Le valet de chambre de confiance de Louis XIII, qui se tenait toujours à la porte, entra.
«La Chesnaye, dit le roi, qu’on aille à l’instant même me quérir
M. de La Trémouille; je veux lui parler ce soir.
— Votre Majesté me donne sa parole qu’elle ne verra personne entre M. de La Trémouille et moi?
— Personne, foi de gentilhomme.
— À demain, Sire, alors.
— À demain, monsieur.
— À quelle heure, s’il plaît à Votre Majesté?
— À l’heure que vous voudrez.
— Mais, en venant par trop matin, je crains de réveiller votre
Majesté.
— Me réveiller? Est-ce que je dors? Je ne dors plus, monsieur; je rêve quelquefois, voilà tout. Venez donc d’aussi bon matin que vous voudrez, à sept heures; mais gare à vous, si vos mousquetaires sont coupables!
— Si mes mousquetaires sont coupables, Sire, les coupables seront remis aux mains de Votre Majesté, qui ordonnera d’eux selon son bon plaisir. Votre Majesté exige-t-elle quelque chose de plus? qu’elle parle, je suis prêt à lui obéir.
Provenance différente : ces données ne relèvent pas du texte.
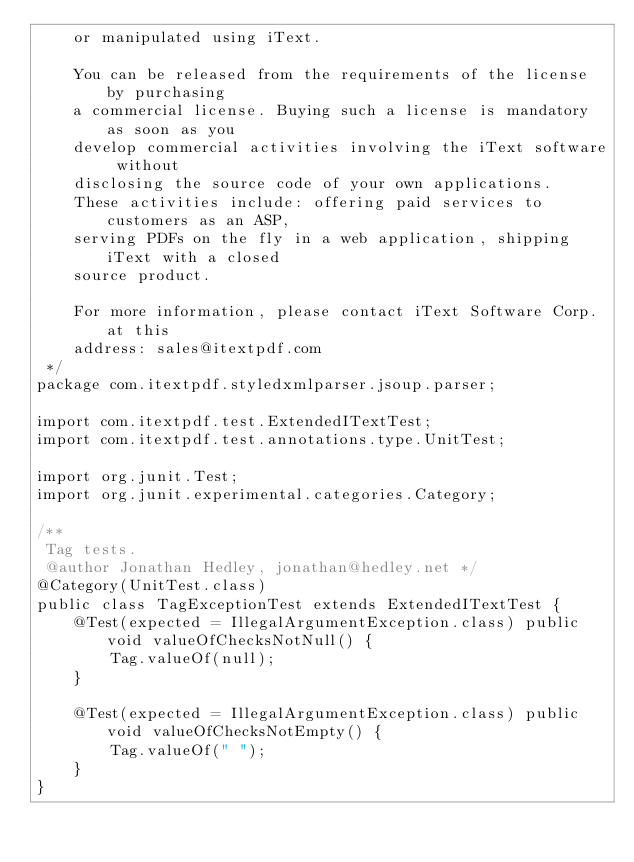<code> <loc_0><loc_0><loc_500><loc_500><_Java_>    or manipulated using iText.

    You can be released from the requirements of the license by purchasing
    a commercial license. Buying such a license is mandatory as soon as you
    develop commercial activities involving the iText software without
    disclosing the source code of your own applications.
    These activities include: offering paid services to customers as an ASP,
    serving PDFs on the fly in a web application, shipping iText with a closed
    source product.

    For more information, please contact iText Software Corp. at this
    address: sales@itextpdf.com
 */
package com.itextpdf.styledxmlparser.jsoup.parser;

import com.itextpdf.test.ExtendedITextTest;
import com.itextpdf.test.annotations.type.UnitTest;

import org.junit.Test;
import org.junit.experimental.categories.Category;

/**
 Tag tests.
 @author Jonathan Hedley, jonathan@hedley.net */
@Category(UnitTest.class)
public class TagExceptionTest extends ExtendedITextTest {
    @Test(expected = IllegalArgumentException.class) public void valueOfChecksNotNull() {
        Tag.valueOf(null);
    }

    @Test(expected = IllegalArgumentException.class) public void valueOfChecksNotEmpty() {
        Tag.valueOf(" ");
    }
}
</code> 
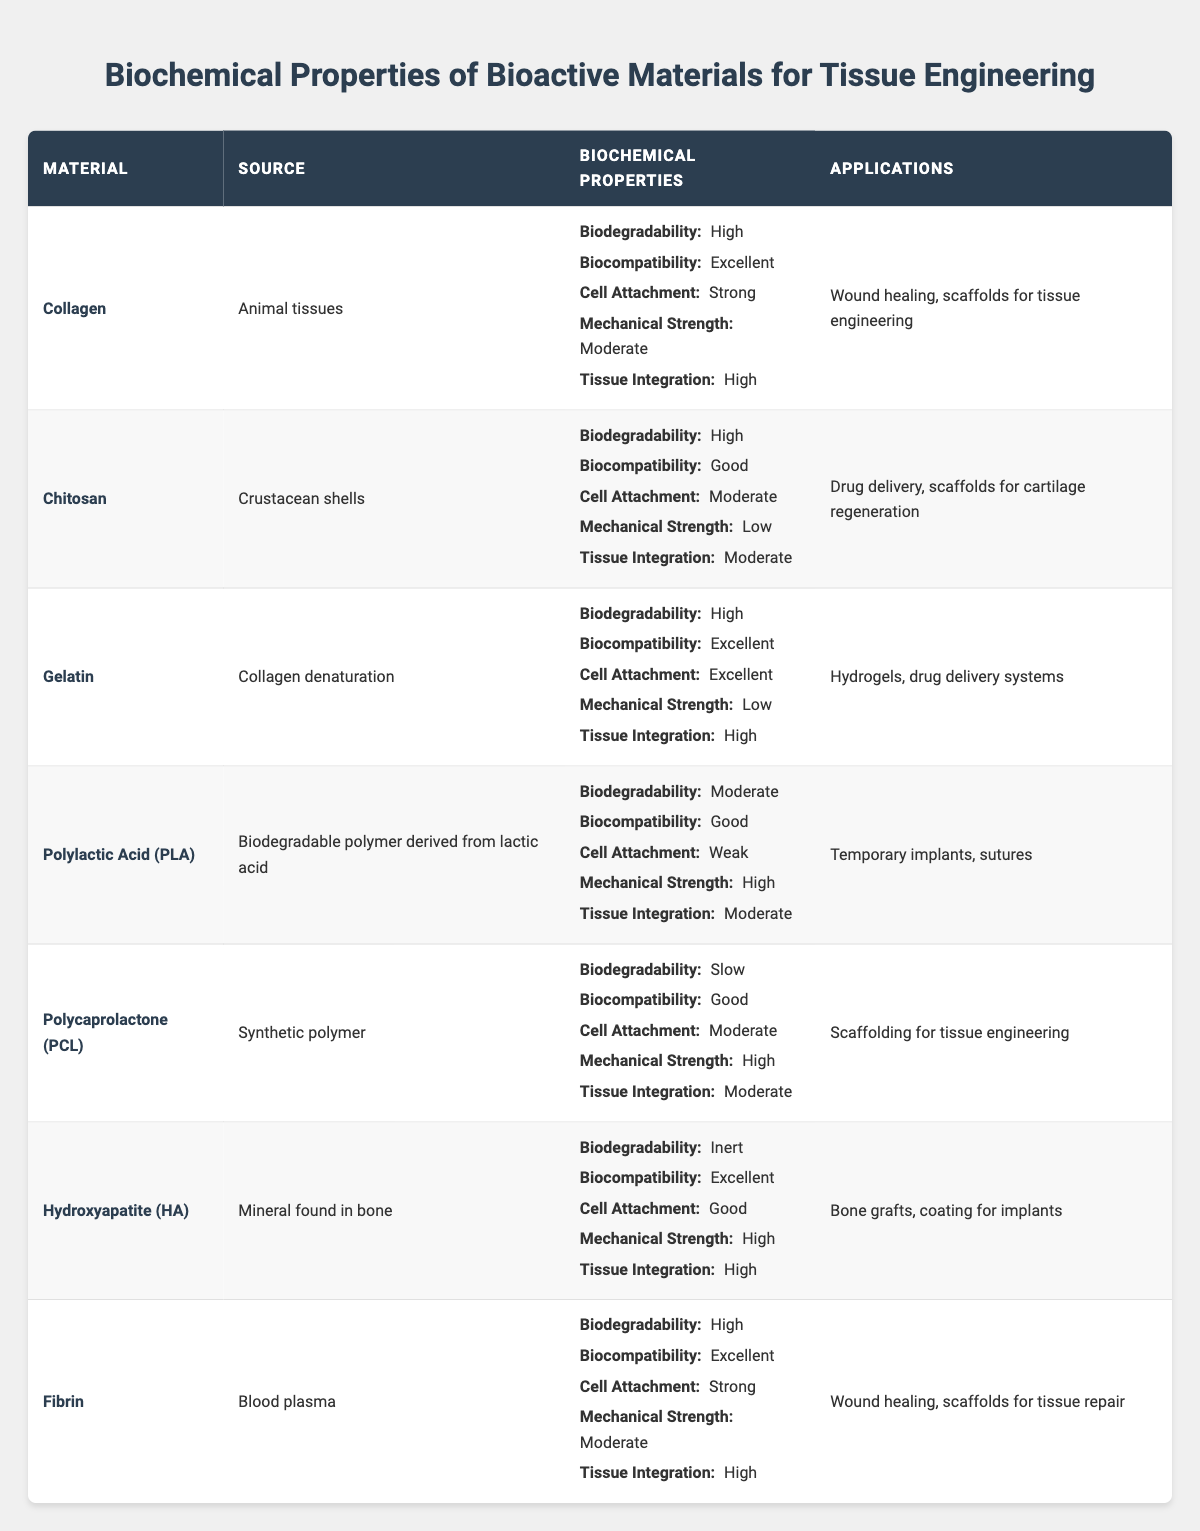What is the source of Hydroxyapatite? Hydroxyapatite (HA) is listed in the table, and under the "Source" column, it states that its source is "Mineral found in bone."
Answer: Mineral found in bone Which material has the highest mechanical strength? By examining the "Mechanical Strength" values across all materials, both Polylactic Acid (PLA), Polycaprolactone (PCL), and Hydroxyapatite (HA) have "High" strength. However, when looking at the unique maximum value, it's represented by PLA, PCL, and HA.
Answer: Polylactic Acid (PLA), Polycaprolactone (PCL), and Hydroxyapatite (HA) (all have high) Is Gelatin biodegradable? The table indicates that Gelatin has "High" biodegradability in the "Biochemical Properties" section.
Answer: Yes What percentage of materials have excellent biocompatibility? There are 3 materials (Collagen, Gelatin, and Hydroxyapatite) that have "Excellent" biocompatibility out of a total of 7 materials, so the percentage is calculated as (3/7)*100 ≈ 42.86%.
Answer: Approximately 42.86% Does Chitosan have stronger cell attachment than Collagen? Reviewing the cell attachment ratings, Chitosan has "Moderate" attachment while Collagen has "Strong" attachment. Therefore, Collagen has stronger cell attachment than Chitosan.
Answer: No Which material is used in drug delivery systems? The table notes that Gelatin is used for "Hydrogels, drug delivery systems" under the "Applications" column.
Answer: Gelatin How do the tissue integration ratings of Collagen and Fibrin compare? Both Collagen and Fibrin have "High" ratings for tissue integration according to the "Biochemical Properties" column, indicating they have the same level of integration.
Answer: They are the same (both high) Which material has the lowest cell attachment rating? The table shows that Polylactic Acid (PLA) has a "Weak" cell attachment rating, which is the lowest among all listed materials.
Answer: Polylactic Acid (PLA) Which two materials have the same biodegradability rating? Examining the "Biodegradability" for each material, both Gelatin and Collagen have a "High" rating, while Hydroxyapatite has "Inert." Thus, Gelatin and Collagen share the same rating.
Answer: Gelatin and Collagen How many materials are suitable for scaffolding applications? The applications column states that Collagen, Chitosan, Polycaprolactone (PCL), and Hydroxyapatite are suitable, giving a total count of 4 materials used for scaffolding.
Answer: 4 materials 
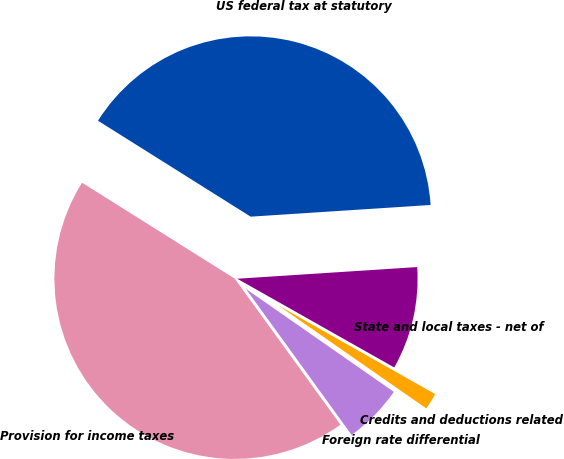Convert chart. <chart><loc_0><loc_0><loc_500><loc_500><pie_chart><fcel>US federal tax at statutory<fcel>State and local taxes - net of<fcel>Credits and deductions related<fcel>Foreign rate differential<fcel>Provision for income taxes<nl><fcel>40.04%<fcel>9.22%<fcel>1.49%<fcel>5.35%<fcel>43.9%<nl></chart> 
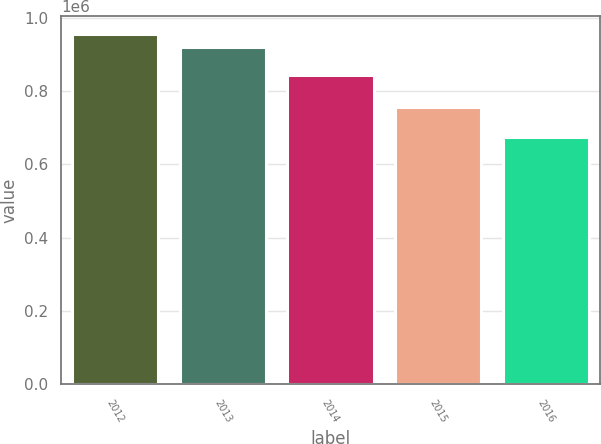Convert chart. <chart><loc_0><loc_0><loc_500><loc_500><bar_chart><fcel>2012<fcel>2013<fcel>2014<fcel>2015<fcel>2016<nl><fcel>955920<fcel>919388<fcel>843069<fcel>755334<fcel>673792<nl></chart> 
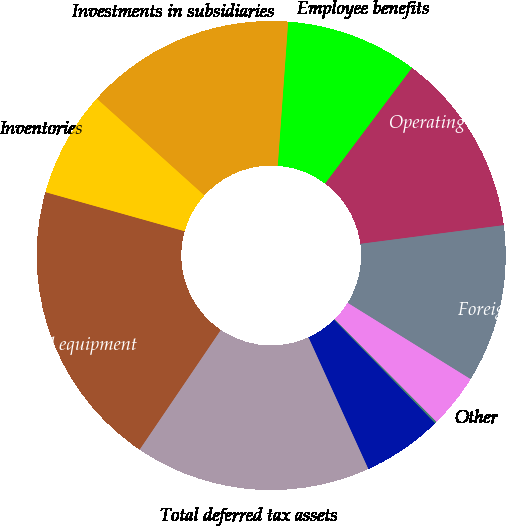Convert chart to OTSL. <chart><loc_0><loc_0><loc_500><loc_500><pie_chart><fcel>Employee benefits<fcel>Operating loss carryforwards<fcel>Foreign tax credits<fcel>Other<fcel>State<fcel>Foreign (c)<fcel>Total deferred tax assets<fcel>Property plant and equipment<fcel>Inventories<fcel>Investments in subsidiaries<nl><fcel>9.1%<fcel>12.69%<fcel>10.9%<fcel>3.72%<fcel>0.13%<fcel>5.52%<fcel>16.28%<fcel>19.87%<fcel>7.31%<fcel>14.48%<nl></chart>

— Non, monsieur, non, et ce n’est pas sans raison qu’on m’a appelé Louis le Juste. À demain donc, monsieur, à demain.
— Dieu garde jusque-là Votre Majesté!»
Si peu que dormit le roi, M. de Tréville dormit plus mal encore; il avait fait prévenir dès le soir même ses trois mousquetaires et leur compagnon de se trouver chez lui à six heures et demie du matin. Il les emmena avec lui sans rien leur affirmer, sans leur rien promettre, et ne leur cachant pas que leur faveur et même la sienne tenaient à un coup de dés.
Arrivé au bas du petit escalier, il les fit attendre. Si le roi était toujours irrité contre eux, ils s’éloigneraient sans être vus; si le roi consentait à les recevoir, on n’aurait qu’à les faire appeler.
En arrivant dans l’antichambre particulière du roi, M. de Tréville trouva La Chesnaye, qui lui apprit qu’on n’avait pas rencontré le duc de La Trémouille la veille au soir à son hôtel, qu’il était rentré trop tard pour se présenter au Louvre, qu’il venait seulement d’arriver, et qu’il était à cette heure chez le roi.
Cette circonstance plut beaucoup à M. de Tréville, qui, de cette façon, fut certain qu’aucune suggestion étrangère ne se glisserait entre la déposition de M. de La Trémouille et lui.
En effet, dix minutes s’étaient à peine écoulées, que la porte du cabinet s’ouvrit et que M. de Tréville en vit sortir le duc de La Trémouille, lequel vint à lui et lui dit:
«Monsieur de Tréville, Sa Majesté vient de m’envoyer quérir pour savoir comment les choses s’étaient passées hier matin à mon hôtel. Je lui ai dit la vérité, c’est-à-dire que la faute était à mes gens, et que j’étais prêt à vous en faire mes excuses. Puisque je vous rencontre, veuillez les recevoir, et me tenir toujours pour un de vos amis.